At stake it would seem is the passage of the Affordable Care Act, or "Obamacare" as it has become known. Presuming that no-one wants to be responsible for the political fallout of the budget not being passed, the focus will then fall on the so called debt ceiling. This currently sits at just under $17 billion or $53,500 per US citizen, and by mid October there will only be $30 billion to meet commitments which includes a $60 billion social security payment due at the beginning of November.
If you want to look at a neat graphic calculator of the actual numbers involved, click here. The Australian version can be seen here.
There's an element of deja vu in this as the same concerns spooked markets two years ago. However it highlights two other over-riding issues that seem to dominate markets and economies post 2008. The first is that there aren't too many governments around the world that aren't facing increasing outlays, but are not prepared to increase taxation to balance the books.
The second seems to be that politics and politicians are driving markets as much as, or more than fundamentals. This is not only in the US, but also across Europe. The same might be said of China, except there the politicians are expected to control the outcome, at least have a longer time horizon, and don't have to concern themselves over pesky elections to the same degree.
Australia has the same problem as the US and Europe: Everyone seems to want more welfare and lower taxation - but no-one's prepared to pay for it or give up what they already have.
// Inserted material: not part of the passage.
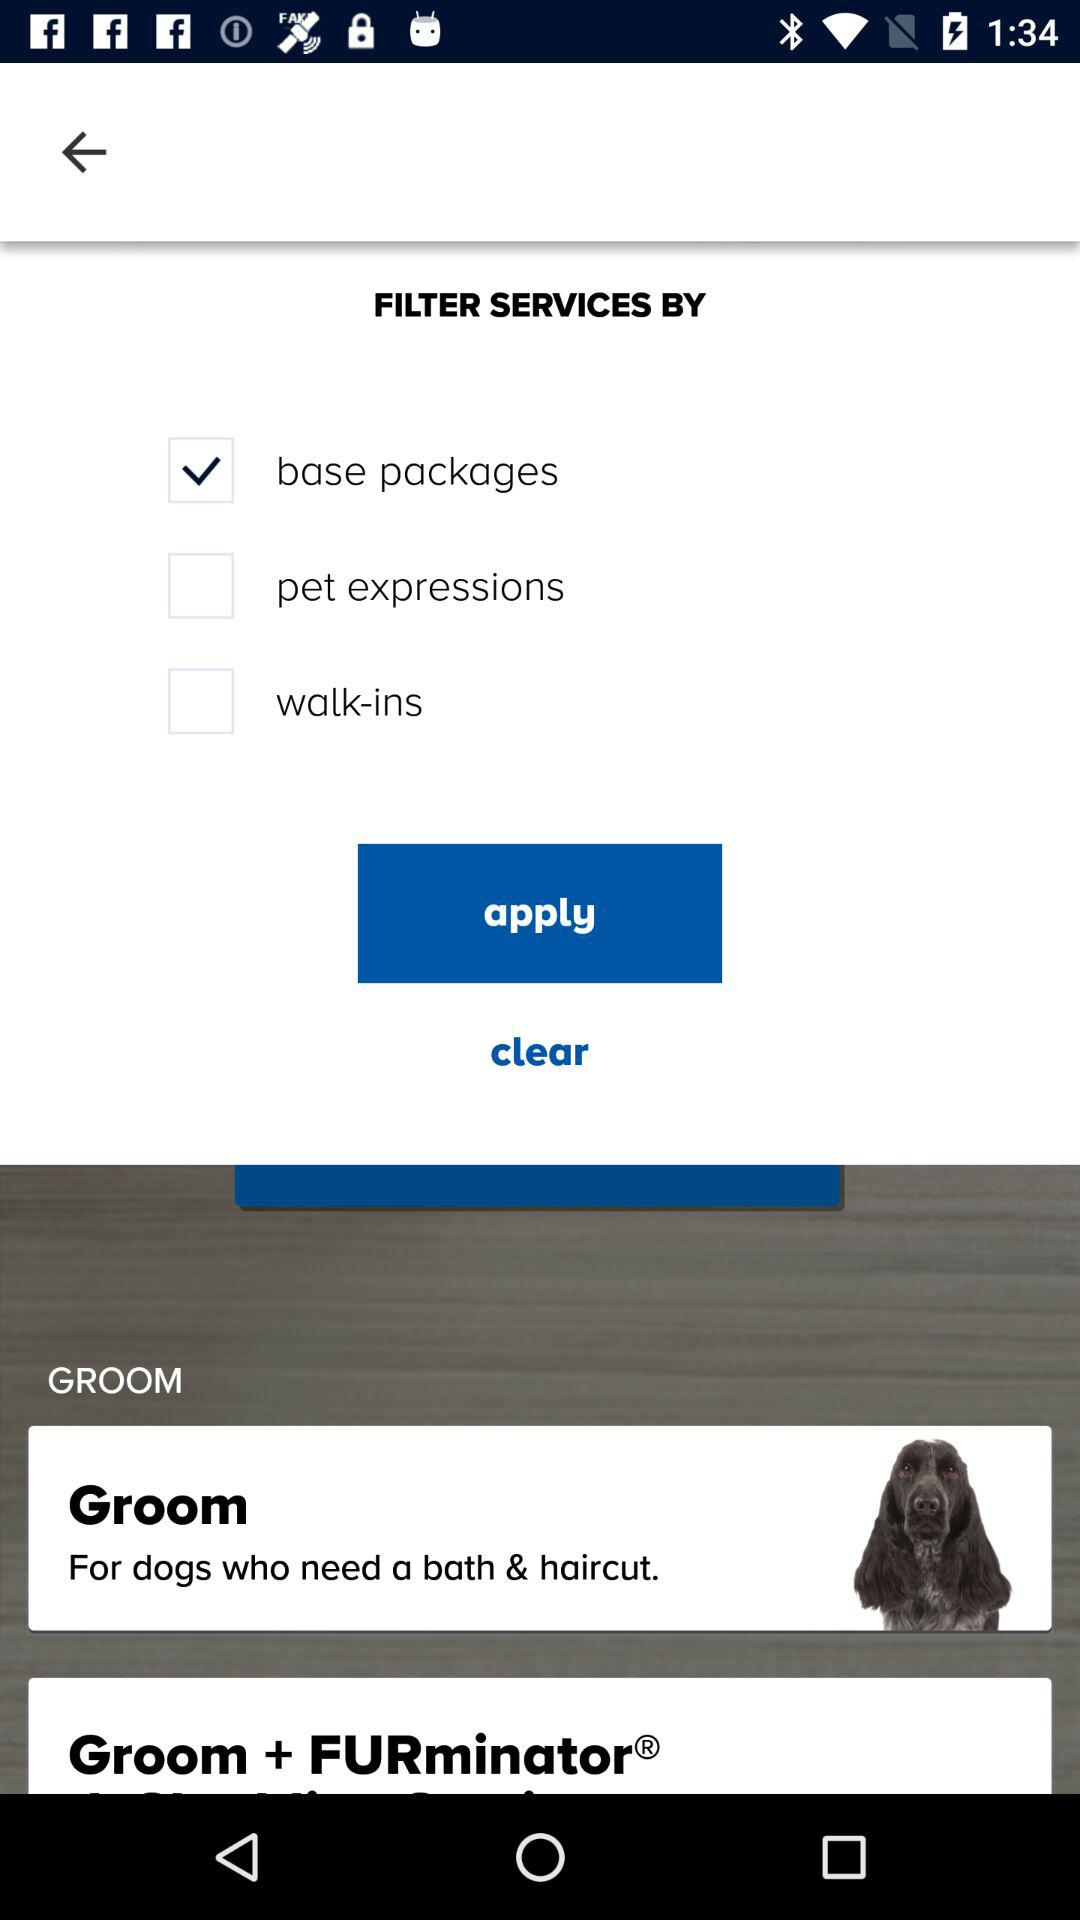How many services are offered by the grooming service?
Answer the question using a single word or phrase. 3

And no-one wants to factor in an increase in the GST.
Specific results received this week include the following PERFORMANCE and NEWS UPDATES:
Pengana Australian Equities Market Neutral Fund completed its fifth year of operation recording an annualised return of 9.60% pa compared to the benchmark (ASX 200 Acc Index) return of 4.63%. Since inception the Fund has an annualised standard deviation of 8.02% compared to 15.48% (Index) and the risk-reward and risk statistics are sound with a Sharpe ratio of 0.7 (0.12 Index) and a Sortino Ratio of 1.06 (0.06 Index).
The Totus Alpha Fund rose 2.1% during August with net exposure of 41%. Since inception in April 2012 the Fund has returned 29.1% (24.2% ASX 200 Acc Index) with a Sharpe Ratio of 1.41, Sortino Ratio of 3.14 and a down capture ratio of -0.84. The Fund also has a negative correlation of -0.209 to the Index.
Allard Investment Fund returned -1.0% during August with an allocation of 67.1% equity and 32.9% cash and fixed income. In terms of geographic allocation the Fund's major allocations are 32.1% HK/China and 13.1% Singapore and in terms of industry the biggest exposure is financial services at 14.5% and conglomerates, 12.2%.
The Intelligent Investor Value Fund returned 1.13% in August and 40.05% over the 12 previous months. The Fund has a since inception (November 2009) annualised return of 14.05% pa as compared to the ASX 200 Accumulation Index of 7.32% return over the same time frame. The Fund's value strategy is shown by the Sharpe Ratio of 0.73 as compared to the Index Sharpe Ratio of 0.32 (since inception).
Updated AFM Fund Reviews were also completed on the following funds this week:
The Insync Global Titans Fund invests in a concentrated portfolio of 15-25 stocks, targeting exceptional, large cap global companies with a strong focus on dividend growth and downside protection. Portfolio selection is driven by a core strategy of investing in companies with sustainable growth in dividends, high returns on capital, positive free cash flows and strong balance sheets. The investment strategy has delivered above MSCI ($A) benchmark performance over the medium and longer terms with limited draw-downs and excellent risk statistics. The Sharpe ratio is 0.67 (ASX 200 Acc 0.26) and Sortino ratio 1.17 (ASX 200 Acc 0.28) and are well above those of the ASX with downside deviation approximately one-half of the same Index since inception.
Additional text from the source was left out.